Basically, this means that as tax rates change, people shift their level of economic production to account for the change in the tax rate structure, and do so in a way that maintains this overall level of equilibrium.

In the case of a steeply progressive tax rate structure, people act to reduce their economic output (and income) or channel it in ways so as to avoid the increased level of taxation through personal income taxes. In the case of a flatter tax rate structure, people act to increase their economic output and income, dispense with tax avoidance strategies, and personal income tax collections rise in the years following when the tax rate reduction is first implemented to levels consistent with the natural level of equilibrium.

Where the economy is concerned, higher, more progressive tax rates would result in both lower levels of GDP and personal income tax collections, while lower, flatter tax rates would result in higher levels of GDP and personal income tax collections.

This latter point is driven home by our next chart, in which we've calculated the inflation-adjusted level of personal tax collections from 1946 through 2006:

Federal Personal Income Tax Revenues, 1946 to 2006, Constant 2006 US Dollars

We confirm that beginning in 1964, with the first of a series of income tax rate reductions, personal income tax collections have risen at a much faster pace than they did under the highly progressive income tax rate structure that existed from 1946 through 1963, even after adjusting for inflation.

We'll revisit this latter chart in the future, but for now, we'll observe that regardless of what it might hope to achieve from changing the schedule of tax rates, the government isn't going to get much more than 8.0% +/- 0.8% of the pie called GDP for the effort.
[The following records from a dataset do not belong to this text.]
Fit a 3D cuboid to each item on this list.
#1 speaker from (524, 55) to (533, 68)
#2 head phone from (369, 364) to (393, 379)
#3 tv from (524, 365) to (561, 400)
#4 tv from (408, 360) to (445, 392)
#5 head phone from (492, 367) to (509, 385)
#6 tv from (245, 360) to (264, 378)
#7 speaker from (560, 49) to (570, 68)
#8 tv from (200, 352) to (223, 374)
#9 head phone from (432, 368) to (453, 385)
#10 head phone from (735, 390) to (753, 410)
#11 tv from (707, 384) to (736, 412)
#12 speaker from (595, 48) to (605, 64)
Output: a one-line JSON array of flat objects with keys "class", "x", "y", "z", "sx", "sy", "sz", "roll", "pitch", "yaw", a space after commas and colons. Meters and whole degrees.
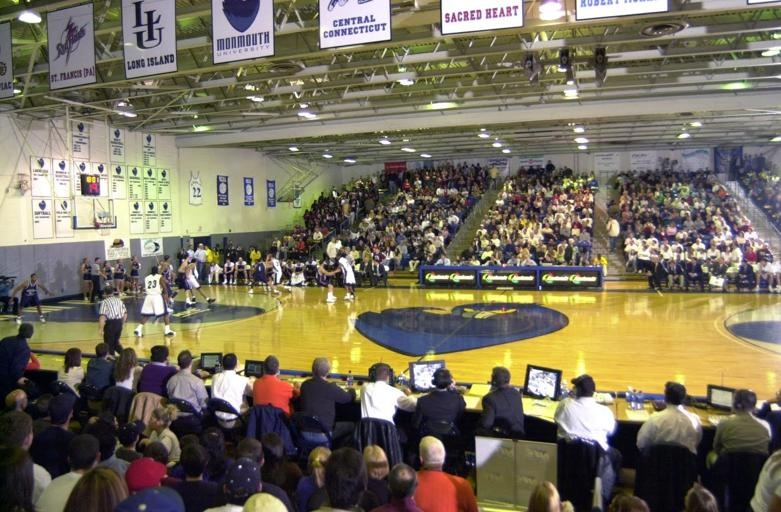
[{"class": "speaker", "x": 4.144, "y": -5.808, "z": 18.372, "sx": 0.325, "sy": 0.316, "sz": 0.578, "roll": 2, "pitch": 25, "yaw": -1}, {"class": "head phone", "x": -0.187, "y": 1.998, "z": 10.963, "sx": 0.374, "sy": 0.288, "sz": 0.488, "roll": 0, "pitch": -5, "yaw": -1}, {"class": "tv", "x": 2.805, "y": 2.350, "z": 11.328, "sx": 0.553, "sy": 0.464, "sz": 0.290, "roll": 6, "pitch": 6, "yaw": 30}, {"class": "tv", "x": 0.688, "y": 2.232, "z": 11.374, "sx": 0.608, "sy": 0.498, "sz": 0.305, "roll": -1, "pitch": 3, "yaw": -20}, {"class": "head phone", "x": 1.900, "y": 2.032, "z": 10.622, "sx": 0.312, "sy": 0.309, "sz": 0.233, "roll": -13, "pitch": 15, "yaw": -41}, {"class": "tv", "x": -2.671, "y": 2.225, "z": 12.099, "sx": 0.390, "sy": 0.326, "sz": 0.202, "roll": 0, "pitch": -3, "yaw": 8}, {"class": "speaker", "x": 5.069, "y": -5.714, "z": 17.783, "sx": 0.249, "sy": 0.578, "sz": 0.707, "roll": -2, "pitch": -1, "yaw": 21}, {"class": "tv", "x": -3.660, "y": 2.172, "z": 12.671, "sx": 0.491, "sy": 0.465, "sz": 0.389, "roll": 2, "pitch": -8, "yaw": -6}, {"class": "head phone", "x": 0.904, "y": 2.068, "z": 10.655, "sx": 0.251, "sy": 0.299, "sz": 0.309, "roll": 3, "pitch": 7, "yaw": -1}, {"class": "head phone", "x": 5.650, "y": 2.301, "z": 9.801, "sx": 0.303, "sy": 0.352, "sz": 0.165, "roll": -2, "pitch": -1, "yaw": 28}, {"class": "tv", "x": 5.817, "y": 2.510, "z": 10.806, "sx": 0.527, "sy": 0.451, "sz": 0.290, "roll": -2, "pitch": -2, "yaw": 41}, {"class": "speaker", "x": 6.052, "y": -5.736, "z": 17.645, "sx": 0.313, "sy": 0.432, "sz": 0.174, "roll": -2, "pitch": -1, "yaw": 3}]

The real question is whether it will be 7.2%-8.8% of a growing pie that incents people to be more productive or 7.2%-8.8% of a stagnant or shrinking pie that incents people to become really good at dodging personal income taxes, or just taking it easier.

Where and How We Got the Numbers

The data from 1946 through 2003 was taken from this report produced by the left-leaning Center on Budget and Policy Priorities.

Meanwhile, the we found the percentages for 2004 and 2005 using spreadsheets containing the IRS' statistics of income data for those years. We obtained the figure for 2006 tax revenue collected through personal income taxes from this Congressional Budget Office report. We divided each of these personal income tax revenue figures by the nominal (non-inflation-adjusted) GDP we obtained from the Measuring Worth economic history resource and then converted to the percentage shown in the charts and used in our later calculations.

We found by repeating this exercise for the known percentage shares of 7.4% for 2003 given by the CBPP report and the percentage share of 8.0% for 2006 given in the CBO report that our figures for 2004 through 2006 may understate the actual percentages of personal income tax revenue by 0.1% to 0.3%. We believe these small discrepancies may be fully accounted for by the differences in the source GDP data used to calculate the percentages.

To find the inflation-adjusted personal income tax figures, we first converted the non-inflation adjusted nominal GDP for each year to constant 2006 U.S. dollars, then multiplied those figures by the percentage of GDP, again for each year.

What can we say? It's not rocket science!